(Excerpted data)

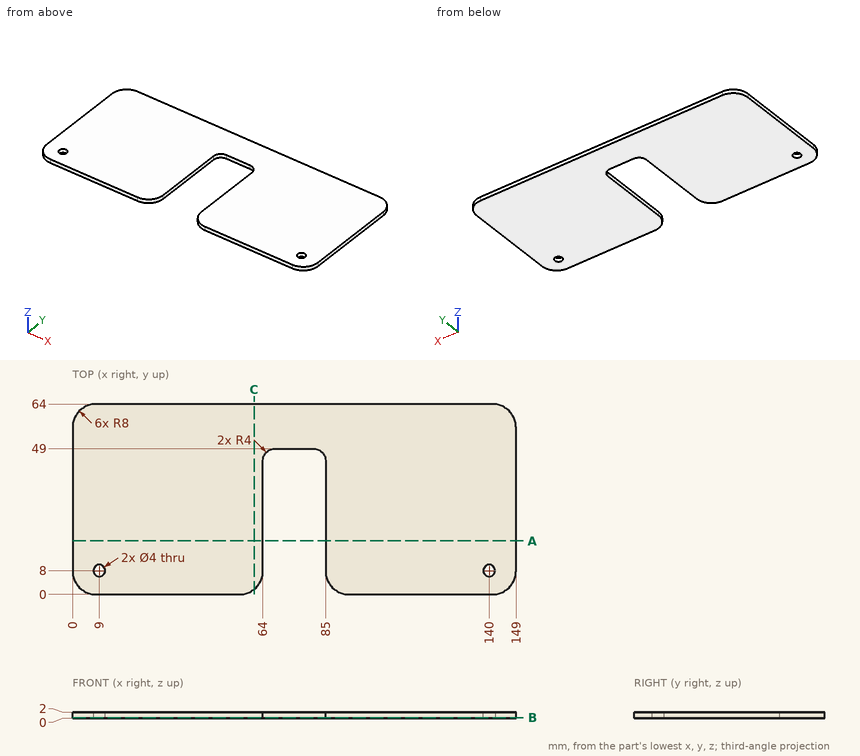
Part print with two shaded views. Sizes in mm from the minimum x, y, z corner. Coordinates: 2 decimals unless noted, no trailing zeros. Order: outer loops, then holes, each group sorted by start corner. A loop starts at its lowest first (then second) coordinate and runs counter-clockwise, first axis right, second up. Notation, with made-up numbers: M 40,44 L 83,44 A25 ccw 83,56 Z; hole C 62.5,-29 d8. An arc over 180 degrees is marked long. One line per question, with ' | ' between items. Start each with the question number.
1. Cut at C-C (x = 61). Write the cut outline in (y, z) (3 decimals), plus the area to 3 significant figures.
2. Wall check: line 1 along Y through (x, z) = (140, 0.85); line 2 along X through (y, z) = (21, 0.4); line 3 along X through (y, z) = (61.5, 1.7). Give the ranges that are in metal, low to high. Write a range as [from, to].
3. Cut at B-B (z = 0.3). Write the cut outline in (x, y), plus the area to 3 significant figures.
4. Flat gauge pins, fed straight in: P1, Ø3, axis at x = 140, y = 8, coming from the -Z side; P2, Ø1, axis at x = 76, z = 1, coming from the -Y side. Where does each tip first touch, or does it go through?
5. Cut at A-A (y = 18). Write the cut outline in (x, z), plus the area to 3 significant figures.
The answers:
1) outline: M 1.755,0 L 64,0 L 64,2 L 1.755,2 Z | area: 124 mm2
2) line 1: y = [0, 6], [10, 64] | line 2: x = [0, 64], [85, 149] | line 3: x = [2.19, 146.81]
3) outline: M 0,8 A8 ccw 8,0 L 56,0 A8 ccw 64,8 L 64,45 A4 cw 68,49 L 81,49 A4 cw 85,45 L 85,8 A8 ccw 93,0 L 141,0 A8 ccw 149,8 L 149,56 A8 ccw 141,64 L 8,64 A8 ccw 0,56 Z; hole C 9,8 d4; hole C 140,8 d4 | area: 8,410 mm2
4) P1: passes through | P2: stops at y = 49
5) outline: M 0,0 L 64,0 L 64,2 L 0,2 Z; M 85,0 L 149,0 L 149,2 L 85,2 Z | area: 256 mm2
from build123d import *

# Parameters (mm, degrees)
F1_DEPTH = 25
F4_DEPTH = 16.8
F6_DEPTH = 1.2
F8_DEPTH = 1.2


with BuildPart() as f1:
    # F0 (on Top) → F1 (new body)
    with BuildSketch(Plane.XY):
        with BuildLine():
            ThreePointArc((-76.5, 0), (0, 76.5), (76.5, 0))
            Line((76.5, 0), (78.5, 0))
            ThreePointArc((78.5, 0), (0, 78.5), (-78.5, 0))
            Line((-78.5, 0), (-76.5, 0))
        make_face()
    extrude(amount=F1_DEPTH)

    # F3 (on offset) → F4 (join)
    with BuildSketch(Plane.XY.offset(4.1)):
        with BuildLine():
            Line((73, 0), (76.5, 0))
            ThreePointArc((76.5, 0), (0, 76.5), (-76.5, 0))
            Line((-76.5, 0), (-73, 0))
            ThreePointArc((-73, 0), (0, 73), (73, 0))
        make_face()
    extrude(amount=F4_DEPTH)

    # F5 (on face) → F6 (join)
    with BuildSketch(Plane.XY.offset(20.9)):
        with BuildLine():
            Line((73, 0), (74.2, 0))
            ThreePointArc((74.2, 0), (0, 74.2), (-74.2, 0))
            Line((-74.2, 0), (-73, 0))
            ThreePointArc((-73, 0), (0, 73), (73, 0))
        make_face()
    extrude(amount=F6_DEPTH)

    # F7 (on face) → F8 (join)
    with BuildSketch(Plane(origin=(0, 0, 4.1), x_dir=(1, 0, 0), z_dir=(0, 0, -1))):
        with BuildLine():
            ThreePointArc((-74.2, 0), (0, -74.2), (74.2, 0))
            Line((74.2, 0), (73, 0))
            ThreePointArc((73, 0), (0, -73), (-73, 0))
            Line((-73, 0), (-74.2, 0))
        make_face()
    extrude(amount=F8_DEPTH)


solid = f1.part
Work out the finished part from the listing and answer in its coordinate system (mm). A direction names the side the tool comes from. Give positions to 0.01 mm unless a question says otherwise; leave off trailing zeros. Order: outer loops, then holes, each group sorted by start corner. A loop starts at its lowest first (then second) coordinate and runs counter-clockwise, first axis right, second up. Notation, with made-up numbers: (43, -28.5) -> (76, -28.5) arc R23 ccw to (76, -19.5) -> close; hole circle Ø9 at (22, 27). An arc over 180 degrees is marked (long way). One line per item, written item: value.
Item 1: Find section A-A, the plane y = 68.5. Give the vertices of the cut face in (x, z), plus the area to 3 significant figures.
Answer sheet:
outline: (-38.34, 0) -> (-34.06, 0) -> (-34.06, 4.1) -> (-28.52, 4.1) -> (-28.52, 2.9) -> (-25.23, 2.9) -> (-25.23, 22.1) -> (-28.52, 22.1) -> (-28.52, 20.9) -> (-34.06, 20.9) -> (-34.06, 25) -> (-38.34, 25) -> close; (25.23, 2.9) -> (28.52, 2.9) -> (28.52, 4.1) -> (34.06, 4.1) -> (34.06, 0) -> (38.34, 0) -> (38.34, 25) -> (34.06, 25) -> (34.06, 20.9) -> (28.52, 20.9) -> (28.52, 22.1) -> (25.23, 22.1) -> close
area: 526 mm²
Item 2: Find section D-D, the plane z = 8. Give the vertices of the cut face in (x, y), plus the area to 3 significant figures.
Answer sheet:
outline: (-78.5, 0) -> (-73, 0) arc R73 cw to (73, 0) -> (78.5, 0) arc R78.5 ccw to start
area: 1,310 mm²
Item 3: Find section C-C, the plane y = 41. Give the vertices of the cut face in (x, z), plus the area to 3 significant figures.
Answer sheet:
outline: (-66.94, 0) -> (-64.59, 0) -> (-64.59, 4.1) -> (-61.84, 4.1) -> (-61.84, 2.9) -> (-60.4, 2.9) -> (-60.4, 22.1) -> (-61.84, 22.1) -> (-61.84, 20.9) -> (-64.59, 20.9) -> (-64.59, 25) -> (-66.94, 25) -> close; (60.4, 2.9) -> (61.84, 2.9) -> (61.84, 4.1) -> (64.59, 4.1) -> (64.59, 0) -> (66.94, 0) -> (66.94, 25) -> (64.59, 25) -> (64.59, 20.9) -> (61.84, 20.9) -> (61.84, 22.1) -> (60.4, 22.1) -> close
area: 265 mm²
Item 4: Determine the mould class of faces 1 (the flat face through (-6, 73, 22.1)), 2 (the cylindrical face through (1.632, 74.182, 21.492)), 3 (the cylindrical face through (1.73, 78.48, 12.32)), 4 (the flat face through (76, 0, 13)) for opening direction Y: released by +Y, released by -Y, zero draft, split by the parting line, or undercut.
Answer sheet:
face 1: zero draft
face 2: undercut
face 3: released by +Y
face 4: released by -Y
Item 5: Find section B-B, the plane x = 0. Give the vertices of the cut face in (y, z), plus the area to 3 significant figures.
Answer sheet:
outline: (73, 2.9) -> (74.2, 2.9) -> (74.2, 4.1) -> (76.5, 4.1) -> (76.5, 0) -> (78.5, 0) -> (78.5, 25) -> (76.5, 25) -> (76.5, 20.9) -> (74.2, 20.9) -> (74.2, 22.1) -> (73, 22.1) -> close
area: 112 mm²
Item 6: Flat-ended cylindrical pins translate along their axes: P1, Ø8, axis at x = 39, z = 6.5, coming from the -Y side; P2, Ø12, axis at y = 36, z = 14, coming from the -X side; P3, Ø1, axis at x = -53.5, z = 17, coming from the -Y side. Find the tip coordinate at first contact, or state that the pin passes through.
Answer sheet:
P1: y = 58.99
P2: x = -72.54
P3: y = 49.12
Item 7: A tool of negligible diameter and unlimited length cuts with its end or side. For faces 5 (the cylindrical face through (-1.68, 76.48, 2.02)), 6 (the flat face through (-76, 0, 13)), 7 (the flat face through (0, 75, 20.9)), 8 (the flat face through (-11, 73, 2.9)), from which of +Z, -Z, +X, -X, +Y, -Y can it reach the whole face along a straight path? Write none if from no direction.
Answer sheet:
face 5: -Z
face 6: +Z, -Z, +X, -X, -Y
face 7: +Z
face 8: -Z, -Y
Item 8: Straight lines are drawn through the part: probe 1 along Z at (x, y) = (2.5, 74); probe 2 along X at (y, z) = (22, 7); probe 3 along X at (y, z) = (63, 16). For each, find the intervals that lie inside material, in ascending order.
Answer sheet:
probe 1: 2.9 to 22.1
probe 2: -75.35 to -69.61, 69.61 to 75.35
probe 3: -46.83 to -36.88, 36.88 to 46.83
```python
from build123d import *

# Parameters (mm, degrees)
SKETCH5_R               = 10.5
SKETCH5_R_2             = 9.2
BOSS_EXTRUDE1_DEPTH     = 15
SKETCH6_R               = 10.5
BOSS_EXTRUDE2_DEPTH     = 2
SKETCH7_W               = 2
SKETCH7_H               = 10
EXTRUDE_THIN1_DEPTH     = 10
SKETCH8_W               = 2
SKETCH8_H               = 9.64593802
EXTRUDE_THIN2_DEPTH     = 10
CUT_EXTRUDE1_DEPTH      = 29.456038339
CUT_EXTRUDE1_DEPTH_BACK = 29.456038339
SKETCH9_R               = 1


with BuildPart() as part:
    # Sketch5 → Boss-Extrude1 (new body)
    with BuildSketch(Plane.XY):
        Circle(SKETCH5_R)
        Circle(SKETCH5_R_2, mode=Mode.SUBTRACT)
    extrude(amount=BOSS_EXTRUDE1_DEPTH)

    # Sketch6 → Boss-Extrude2 (add)
    with BuildSketch(Plane.XY):
        Circle(SKETCH6_R)
    extrude(amount=BOSS_EXTRUDE2_DEPTH)

    # Sketch7 → Extrude-Thin1 (add)
    with BuildSketch(Plane(origin=(0, 0, 0), x_dir=(-1, 0, 0), z_dir=(0, 0, -1))):
        with Locations((-2, 15.062305899)):
            Rectangle(SKETCH7_W, SKETCH7_H)
    extrude(amount=-EXTRUDE_THIN1_DEPTH)

    # Sketch8 → Extrude-Thin2 (add)
    with BuildSketch(Plane(origin=(0, 0, 0), x_dir=(-1, 0, 0), z_dir=(0, 0, -1))):
        with Locations((2, 14.885274909)):
            Rectangle(SKETCH8_W, SKETCH8_H)
    extrude(amount=-EXTRUDE_THIN2_DEPTH)

    # Sketch9 → Cut-Extrude1 (cut, two sides: drawn at the far end of the back side and taken through both)
    with BuildSketch(Plane.ZY.offset(3).offset(-CUT_EXTRUDE1_DEPTH_BACK)):
        with Locations((5, 13.45227248)):
            Circle(SKETCH9_R)
        with Locations((5, 18.45227248)):
            Circle(SKETCH9_R)
    extrude(amount=CUT_EXTRUDE1_DEPTH + CUT_EXTRUDE1_DEPTH_BACK, mode=Mode.SUBTRACT)


solid = part.part
```
The listing builds one solid part. Answer for the finished solid, in the listing's coordinates (mm). A direction names the side the tool comes from. Give positions to 0.01 mm unless a question says otherwise; leave off trailing zeros. Loops run counter-clockwise (first coordinate to the right, second up) from the corner with the lowest first, then second, coordinate; pieces in that order, holes last. Notation, with made-up numbers: (22.5, 78) - (46.5, 78) arc R23 ccw to (46.5, 94) - close; hole circle Ø11 at (87.25, -21). An arc over 180 degrees is marked (long way). Return JSON: item names as keys, results as strings. Group by question number.
1. Find section D-D (x = 0). Write down the section's boundary in (y, z), then the cut area to 3 significant figures.
2. Find section B-B (y = 12). Write down the section's boundary in (x, z).
3. Find section C-C (z = 7.75). Write down the section's boundary in (x, y), then the cut area to 3 significant figures.
4. Which of the six approach directions +Z, -Z, +X, -X, +Y, -Y give full straight-line access (tool end or side, diameter ignored) to faces 1 (the cylindrical face through (-7.3, -5.6, 8.4)), 2 (the flat face through (3, 15, 5)), 3 (the flat face through (-2, 19.708, 5))?
5. Determine the mould class of faces 4 (the flat face through (-3, 15, 5)), 5 (the flat face through (6.2, -7, 15)), 6 (the flat face through (0, 0, 2)) for opening direction X: pulls with the +X half, pulls with the -X half, needs draft (parallel to the pull), parting line crosses it, or undercut.
6. Find section A-A (z = 5). Write down the section's boundary in (x, y).
7. Given pin 1 Ø5 at (y, z) = (13.5, 4) entering from -X; pin 2 Ø2 at (x, z) = (-2, 6.5) entering from +Y; pin 3 Ø3 at (y, z) = (16, 4.5) entering from +X, each flat-ended and moving along its own axis, determine where each tip first touches the part or whether it passes through.
8. Straight lines are drawn through the part: line 1 (Y direction, x = 0, z = 10); line 2 (Y direction, x = -2, z = 4.5); line 3 (Y direction, x = 2, z = 5). For each, find the intervals that lie inside material, in ascending order. Write a range as [from, to].
Verdict:
{
 "1": {"outline": "(-10.5, 0) - (10.5, 0) - (10.5, 15) - (9.2, 15) - (9.2, 2) - (-9.2, 2) - (-9.2, 15) - (-10.5, 15) - close", "area": "75.8 mm^2"},
 "2": {"outline": "(-3, 0) - (-1, 0) - (-1, 10) - (-3, 10) - close; (1, 0) - (3, 0) - (3, 10) - (1, 10) - close"},
 "3": {"outline": "(-3, 10.06) arc R10.5 ccw (long way) to (3, 10.06) - (3, 20.06) - (1, 20.06) - (1, 10.45) arc R10.5 ccw to (-1, 10.45) - (-1, 19.71) - (-3, 19.71) - close; hole circle Ø18.4 at (0, 0)", "area": "119 mm^2"},
 "4": {"face 1": "+Z", "face 2": "+Z, -Z, +X, +Y", "face 3": "+Z, -Z, -X, +Y"},
 "5": {"face 4": "pulls with the -X half", "face 5": "needs draft", "face 6": "undercut"},
 "6": {"outline": "(-3, 10.06) arc R10.5 ccw (long way) to (3, 10.06) - (3, 12.45) - (1, 12.45) - (1, 10.45) arc R10.5 ccw to (-1, 10.45) - (-1, 12.45) - (-3, 12.45) - close; (-3, 14.45) - (-1, 14.45) - (-1, 17.45) - (-3, 17.45) - close; (-3, 19.45) - (-1, 19.45) - (-1, 19.71) - (-3, 19.71) - close; (1, 14.45) - (3, 14.45) - (3, 17.45) - (1, 17.45) - close; (1, 19.45) - (3, 19.45) - (3, 20.06) - (1, 20.06) - close; hole circle Ø18.4 at (0, 0)"},
 "7": {"pin 1": "stops at x = -3", "pin 2": "stops at y = 19.71", "pin 3": "stops at x = 3"},
 "8": {"line 1": "y = [-10.5, -9.2], [9.2, 10.5]", "line 2": "y = [-10.31, -8.98], [8.98, 12.59], [14.32, 17.59], [19.32, 19.71]", "line 3": "y = [-10.31, -8.98], [8.98, 12.45], [14.45, 17.45], [19.45, 20.06]"}
}
from build123d import *

# Parameters (mm, degrees)
EXTRUDE_1_DEPTH     = 2200
CUT_EXTRUDE_1_DEPTH = 46


with BuildPart() as part:
    # Эскиз1 → Вытянуть-Тонкостенный1 (new body)
    with BuildSketch(Plane(origin=(0, 0, 0), x_dir=(1, 0, 0), z_dir=(0, 1, 0))):
        Polygon((0, 45), (0, 0), (45, 0), (45, 5), (5, 5), (5, 45), align=None)
    extrude(amount=EXTRUDE_1_DEPTH)

    # Эскиз2 → Вырез-Вытянуть1 (cut, through all)
    with BuildSketch(Plane.ZY):
        Polygon((0, 0), (-45, 45), (-45, 0), align=None)
        Polygon((-45, 2200), (0, 2200), (-45, 2155), align=None)
    extrude(amount=-CUT_EXTRUDE_1_DEPTH, mode=Mode.SUBTRACT)


solid = part.part
Here's how the part is built. I have some questions about the finished solid (model axes, mm). A direction names the side the tool comes from. Round coordinates to 2 decimals unless told otherwise and drop trailing zeros. Order: outer loops, then holes, each group sorted by start corner. A loop starts at its lowest first (then second) coordinate and runs counter-clockwise, first axis right, second up. Notation, with made-up numbers: (-26, -37.5) -> (-7, -37.5) arc R12 ccw to (-7, -31.5) -> close; hole circle Ø7 at (80.5, 3.5). An arc over 180 degrees is marked (long way). Return JSON: item names as keys, results as strings.
Q1. If we mould it in two halves opening along Z, with no side actions, what happens to faces 1 (the flat face through (5, 1085, -25)), 2 (the flat face through (22, 1085, 0)), 3 (the flat face through (4, 12, -12))? For each: released by +Z, released by -Z, zero draft, split by the parting line, or undercut.
Filled sheet:
{"face 1": "zero draft", "face 2": "released by +Z", "face 3": "released by -Z"}
Q2. If we section it at B-B on y = 1490.5: List the corners of the cut face in (x, z) for me.
Filled sheet:
{"outline": "(0, -45) -> (5, -45) -> (5, -5) -> (45, -5) -> (45, 0) -> (0, 0) -> close"}
Q3. I need wall thicknesses on line 1 along X through (y, z) = (942, -19.5); line 2 along Z through (x, y) = (34.5, 776.5). Which ranges of each line are inside material? Lowest first, please. Write a range as from..to.
Filled sheet:
{"line 1": "x = 0..5", "line 2": "z = -5..0"}
Q4. If we section it at A-A on z = -16.5: List the corners of the cut face in (x, y) for me, plus the area to 3 significant figures.
Filled sheet:
{"outline": "(0, 16.5) -> (5, 16.5) -> (5, 2183.5) -> (0, 2183.5) -> close", "area": "10,800 mm^2"}
Q5. For pin 1 Ø20 at (y, z) = (1496, -22.5) entering from +X; pin 2 Ø5 at (x, z) = (27.5, -6.5) entering from -Y, each with a flat end and sliding along its axis, tell me the tip position at first contact or that it passes through.
Filled sheet:
{"pin 1": "stops at x = 5", "pin 2": "stops at y = 4"}
Q6. If we section it at C-C on x = 24: List the corners of the cut face in (y, z) for me, plus the area to 3 significant figures.
Filled sheet:
{"outline": "(0, 0) -> (5, -5) -> (2195, -5) -> (2200, 0) -> close", "area": "11,000 mm^2"}
Q7. Which directions (+Z, -Z, +X, -X, +Y, -Y) give clear straight access to the entire face, cutting with the end or side of a thin tool? Please do faces 4 (the flat face through (0, 1085, -23)), 5 (the flat face through (25, 1085, -5)).
Filled sheet:
{"face 4": "+Z, -Z, -X, +Y, -Y", "face 5": "-Z, +X, +Y, -Y"}

(End Excerpted data)

About this task → Your reply should be a single number: how many lines in the entries above hold the string "undercut".

Result → 5